I hope I'm in the right forum for this. I was digging today & found this, along with several other items. This one has got me stumped. Can anyone figure out what it is or was? Thank you


----------



## ROBBYBOBBY64 (May 14, 2022)

Bottles2Buttons said:


> I hope I'm in the right forum for this. I was digging today & found this, along with several other items. This one has got me stumped. Can anyone figure out what it is or was? Thank you


Part of a kaleidoscope?
ROBBYBOBBY64.


----------



## Lilpete966 (May 19, 2022)

Some type of Utensil?


----------



## embe (May 22, 2022)

looks like some type of reflector to me


----------



## Bottles2Buttons (May 24, 2022)

ROBBYBOBBY64 said:


> Part of a kaleidoscope?
> ROBBYBOBBY64.


Thank you everyone for the help.

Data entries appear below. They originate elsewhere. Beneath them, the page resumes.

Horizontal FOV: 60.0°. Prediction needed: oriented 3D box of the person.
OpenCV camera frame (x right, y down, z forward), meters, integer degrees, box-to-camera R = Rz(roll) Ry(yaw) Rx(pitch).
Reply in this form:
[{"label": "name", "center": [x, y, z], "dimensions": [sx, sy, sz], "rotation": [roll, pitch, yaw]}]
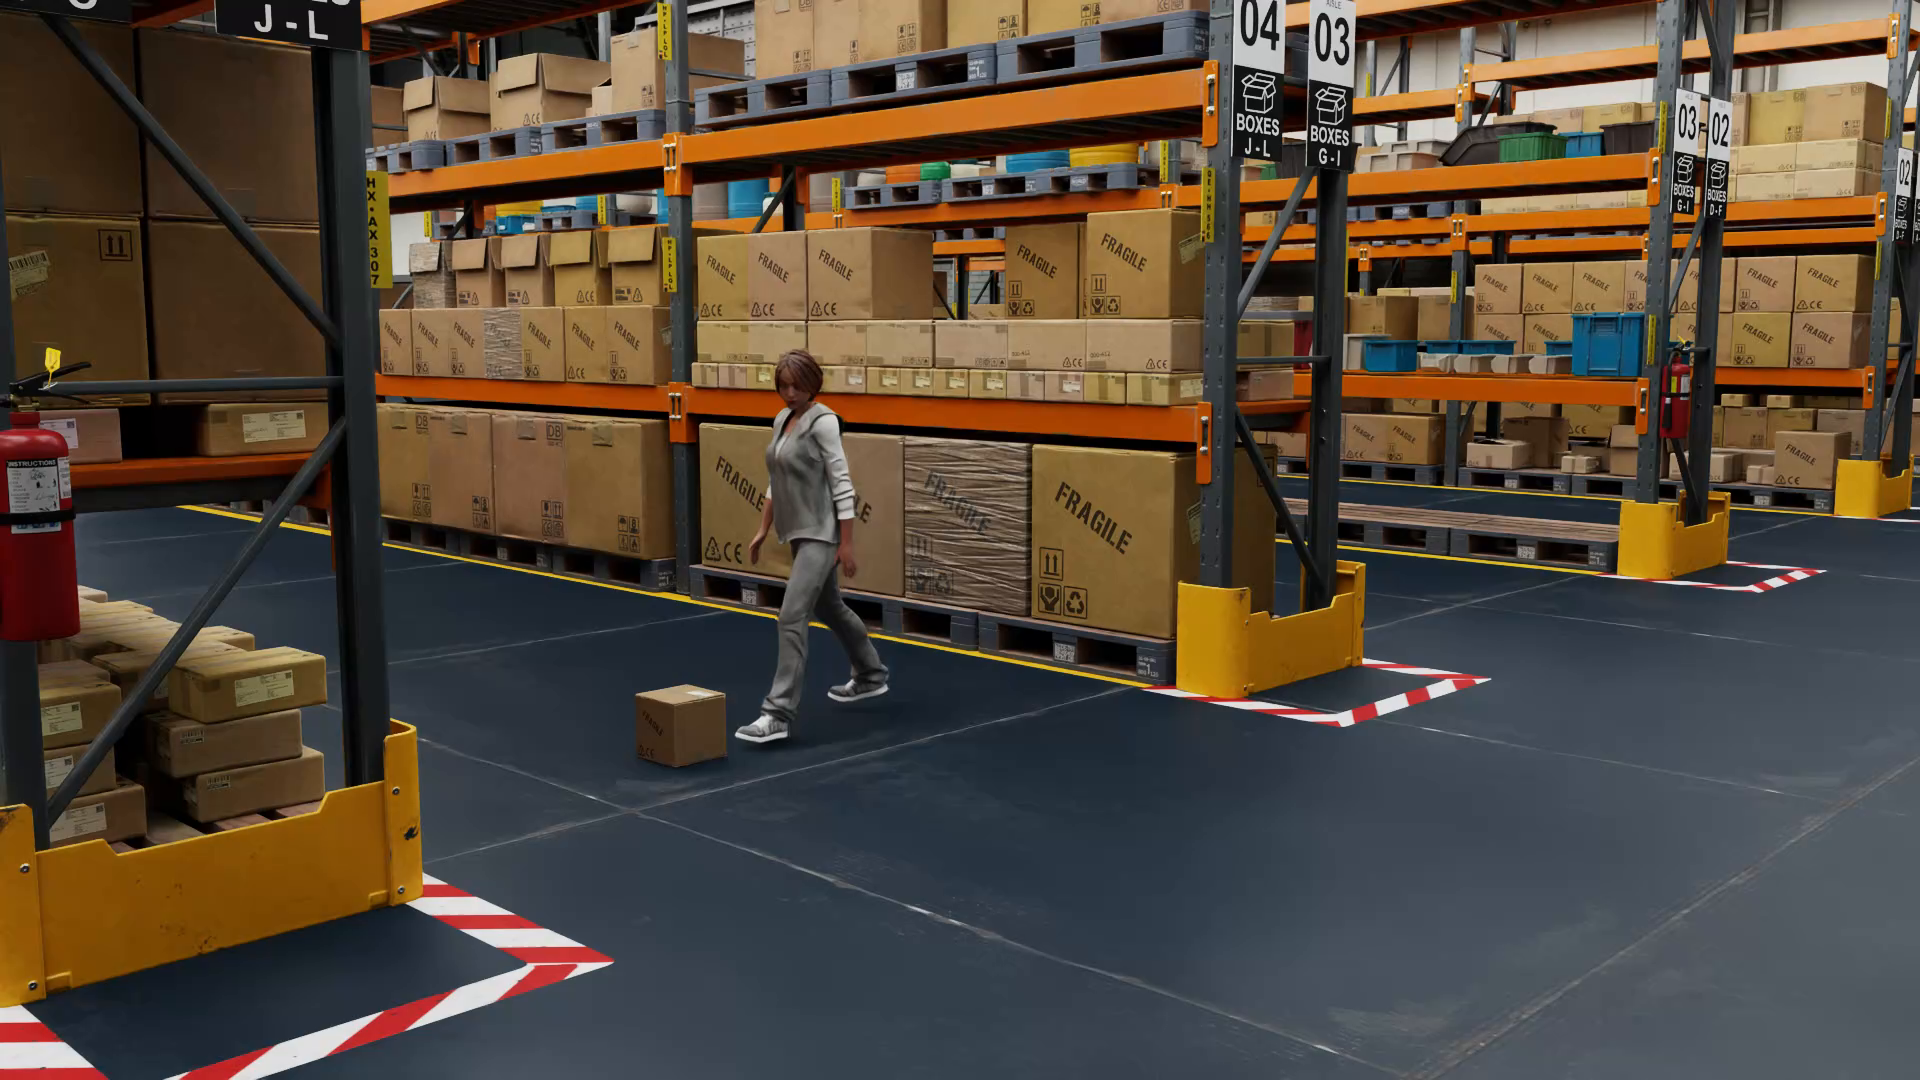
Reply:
[{"label": "person", "center": [-0.642, 0.111, 6.871], "dimensions": [0.849, 1.312, 0.554], "rotation": [-4, 8, -29]}]

Someone else said an "indicator light"? Still don't know.


----------



## RoseOnTheRocks (May 28, 2022)

Whatever that is, it’s really cool!


Sent from my iPhone using Tapatalk


----------



## willong (Jun 23, 2022)

Bottles2Buttons said:


> I hope I'm in the right forum for this. I was digging today & found this, along with several other items. This one has got me stumped. Can anyone figure out what it is or was? Thank you


I believe what you have there is the cap portion of a once elegant fountain pen.

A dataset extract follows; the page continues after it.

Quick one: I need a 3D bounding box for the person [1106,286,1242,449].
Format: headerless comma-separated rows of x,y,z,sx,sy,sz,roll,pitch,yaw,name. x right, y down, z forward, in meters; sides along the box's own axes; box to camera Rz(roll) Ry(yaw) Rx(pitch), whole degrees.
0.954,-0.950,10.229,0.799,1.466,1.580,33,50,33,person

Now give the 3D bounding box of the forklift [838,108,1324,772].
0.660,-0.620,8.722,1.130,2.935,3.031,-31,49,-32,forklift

I stole a photo of a modern example via Google search just to convey the notion. Not all the caps were threaded as in the example; many were simply a friction slip fit. However, if the piece you found has either internal threads and/or the stub of a missing pocket clip, then I think that would confirm its identity.





Either the pocket clip of your item has detached, or it might have been made without one. I lean toward a clip having detached or broken off, as I suspect it would have had one originally, as most fountain pens did and do, in order to keep the pen upright in a shirt pocket. In addition to keeping the nib positioned upright to help prevent leaking ink, a clip on that sleeve would have held the green jewel ostentatiously displayed at the edge of the owner's pocket. It wouldn't surprise me to learn that the gentleman had owned matching tie tack and cuff-links as well!


----------